International investing isn’t a new concept, but it is one that is picking up speed as an increasing number of people decide to move their assets overseas. International investors have a unique opportunity ahead of them, but the sheer number of investors and locations available can make it overwhelming.
If you’re new to the world of international investing, then let these five tips guide you as you begin the exciting financial journey ahead.
1. Define Your Objectives
One of the most important things that every international investor needs to do is define their financial objectives. No two investors will have the same goals, but it is these goals that will determine the best types of investments you make.
If you ultimate goal is to protect and preserve assets for loved ones in the future, then stable investments with an emphasis on diversification might be best. If you are younger, or you want to take bigger risks and see larger profits, then it might make sense to choose investments in developing countries or related to venture capitalism, where there are both greater risks and greater rewards.
2. Diversify Your Investments
Most people who are ready to begin international investing already acknowledge the need for financial diversification. However, many people forget that diversity is about more than just geography. While holding investments in multiple markets is certainly a great start, that isn’t the only way to mitigate risk.
International investors should also consider the diversification of their holdings by industry and type, ensuring that the risk of vulnerability is spread as much as possible.
3. Choose Jurisdictions Wisely
It is also important for new international investors to pay special attention to the locations where they decide to invest. No two countries will have the same specifications, and some jurisdictions certainly have an advantage over others.

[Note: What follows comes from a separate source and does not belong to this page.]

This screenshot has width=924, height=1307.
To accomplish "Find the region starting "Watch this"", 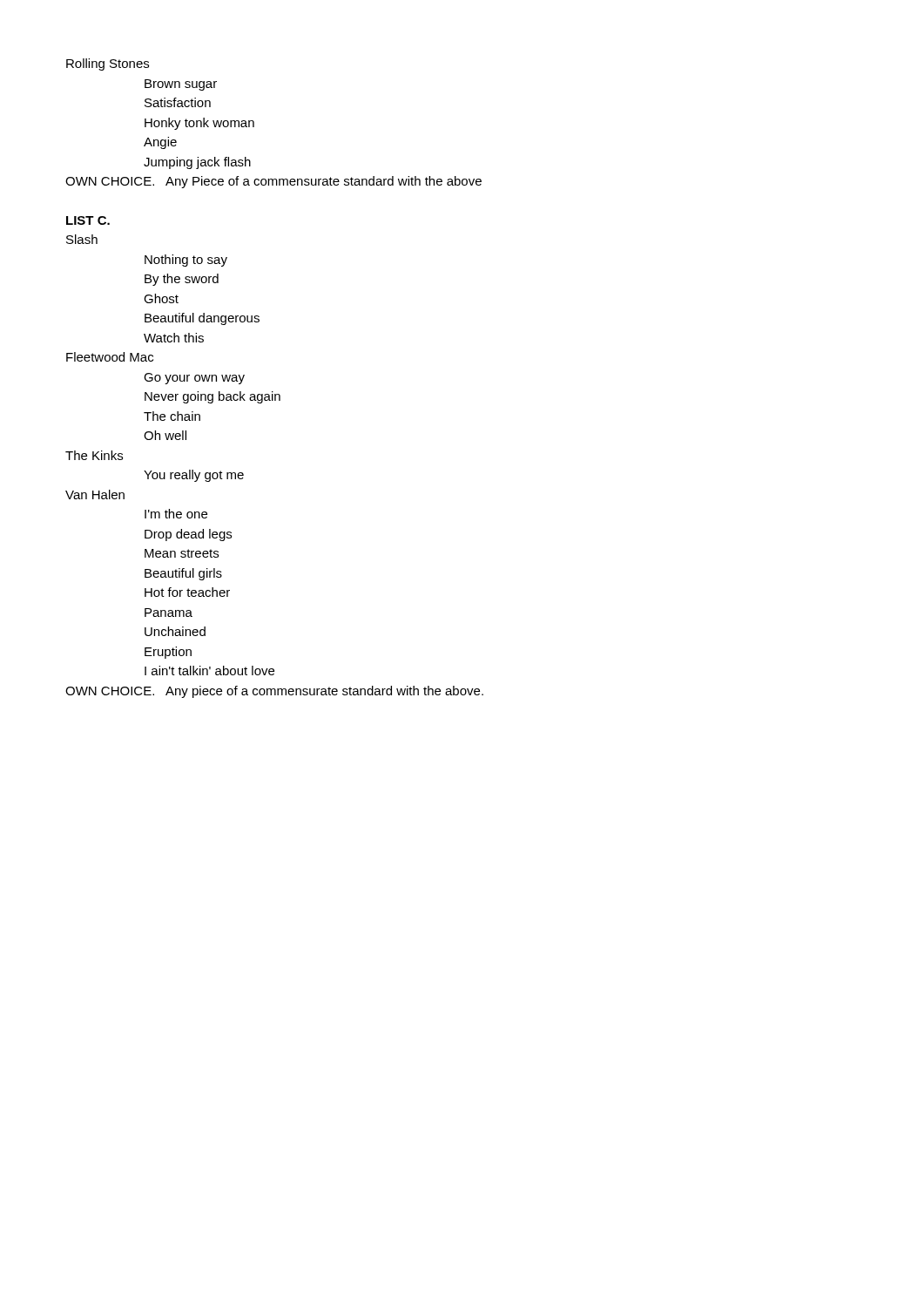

When it comes to taxation, for example, some countries like Belize will waive the income and capital gains taxes for all foreign investors. Saving such a tremendous amount each year by not paying taxes, and keeping the entire thing legal and above board, can certainly make one country more appealing than another.

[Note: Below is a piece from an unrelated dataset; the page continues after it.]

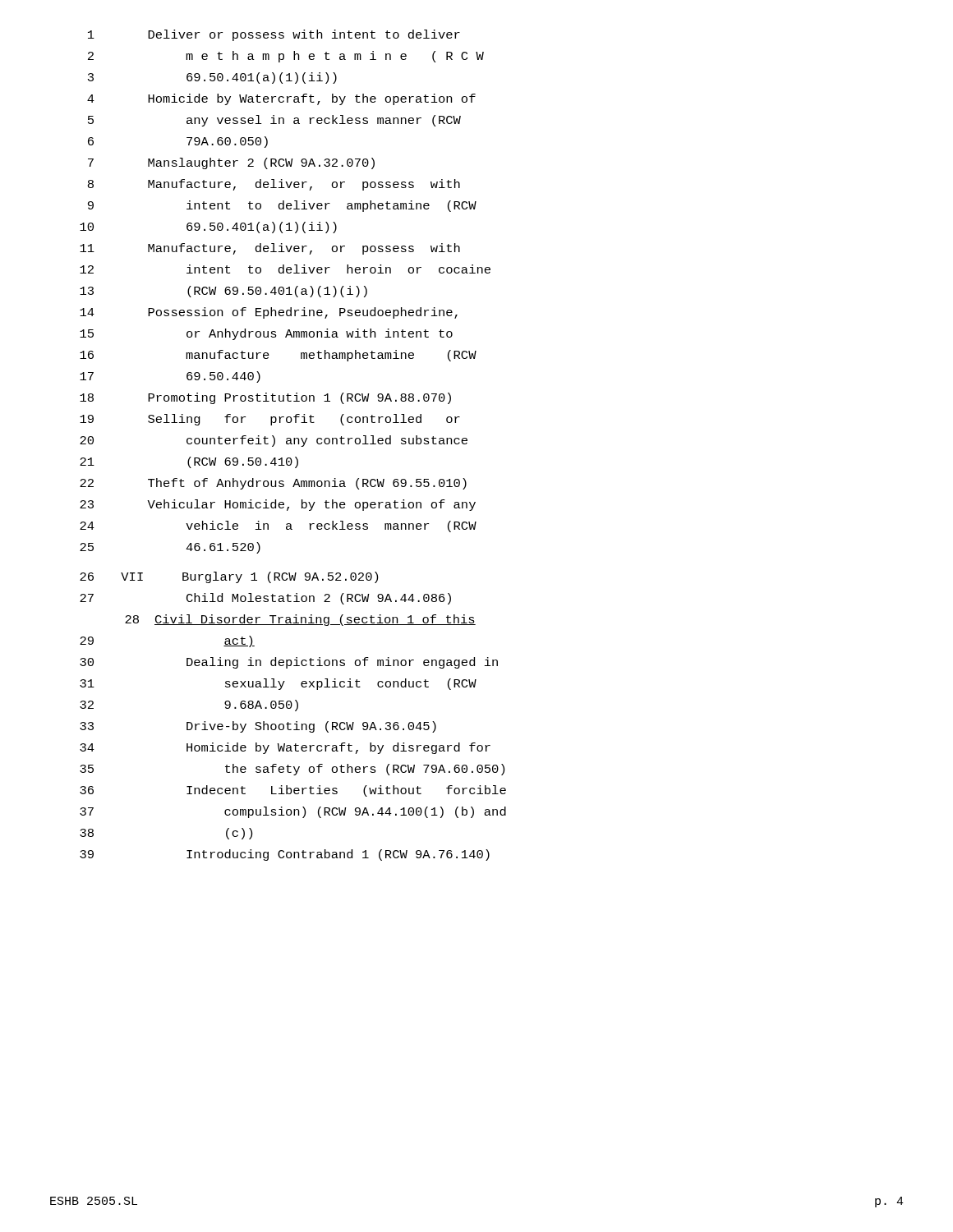This screenshot has width=953, height=1232.
Task: Click the passage that begins "23 Vehicular Homicide, by the operation"
Action: point(476,505)

4. Maintain Assets in a Bank You Can Trust
New international investors should have an offshore bank where they can store assets and maintain capital for future investors. While there are a wide range of banks to choose from, some stand out from the pack.

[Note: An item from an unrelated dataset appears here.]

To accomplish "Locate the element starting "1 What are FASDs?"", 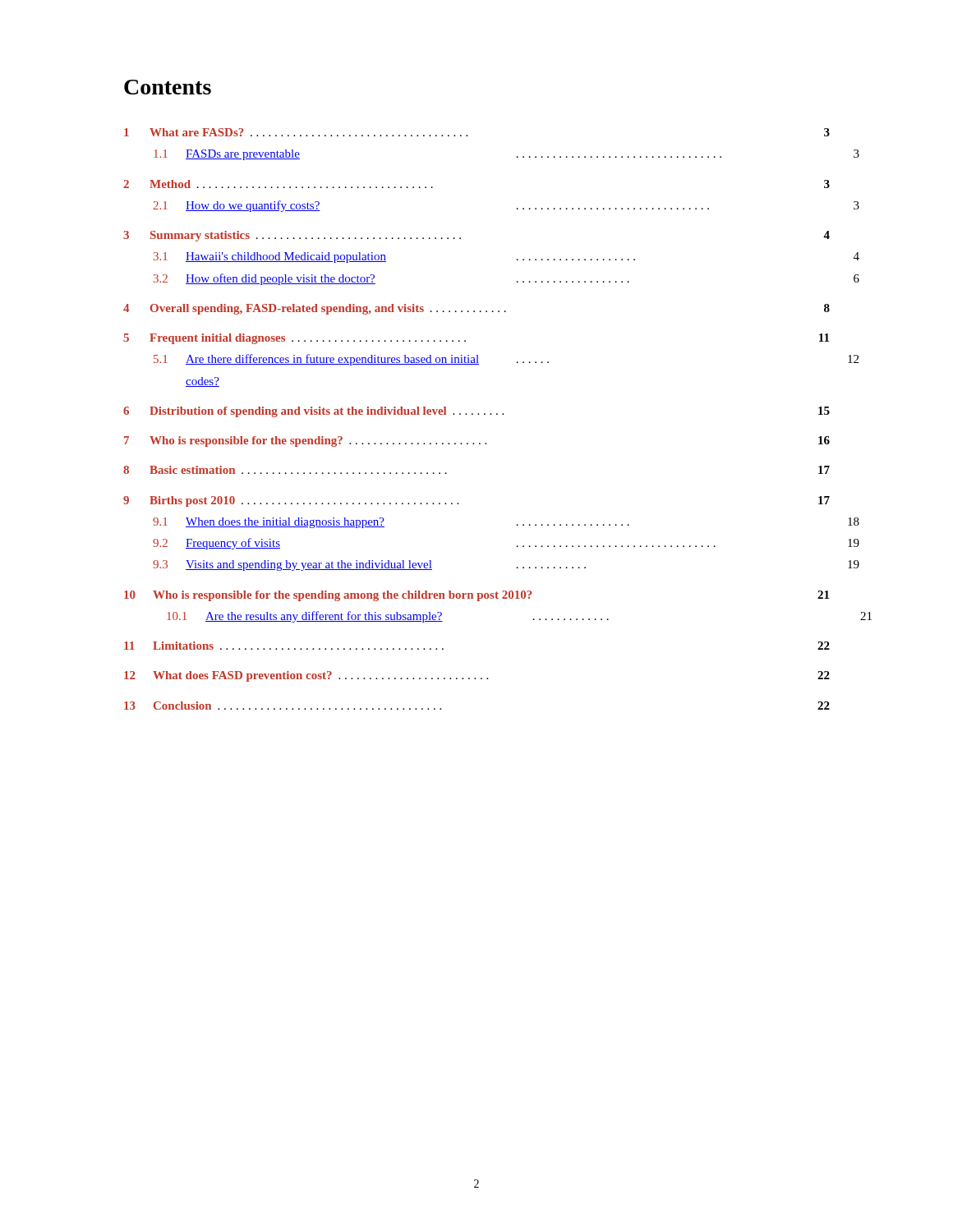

Things that are integral to a successful offshore bank include high reserve requirements for the financial stability of the institution, online banking services for 24/7 updates around the world and great communication from staff, preferably from those who speak English or another foreign language fluently for the convenience of account holders.
5. Protect Your Privacy
If you’re used to investing domestically, you might not realize that international investing offers new layers of privacy. You can protect your anonymity when starting trusts or businesses, if desired. Enlist a financial expert to help you keep your identity private as you begin investing on an international scale.
With these five helpful tips in mind, new international investors can take full advantage of the many excellent financial opportunities found around the world.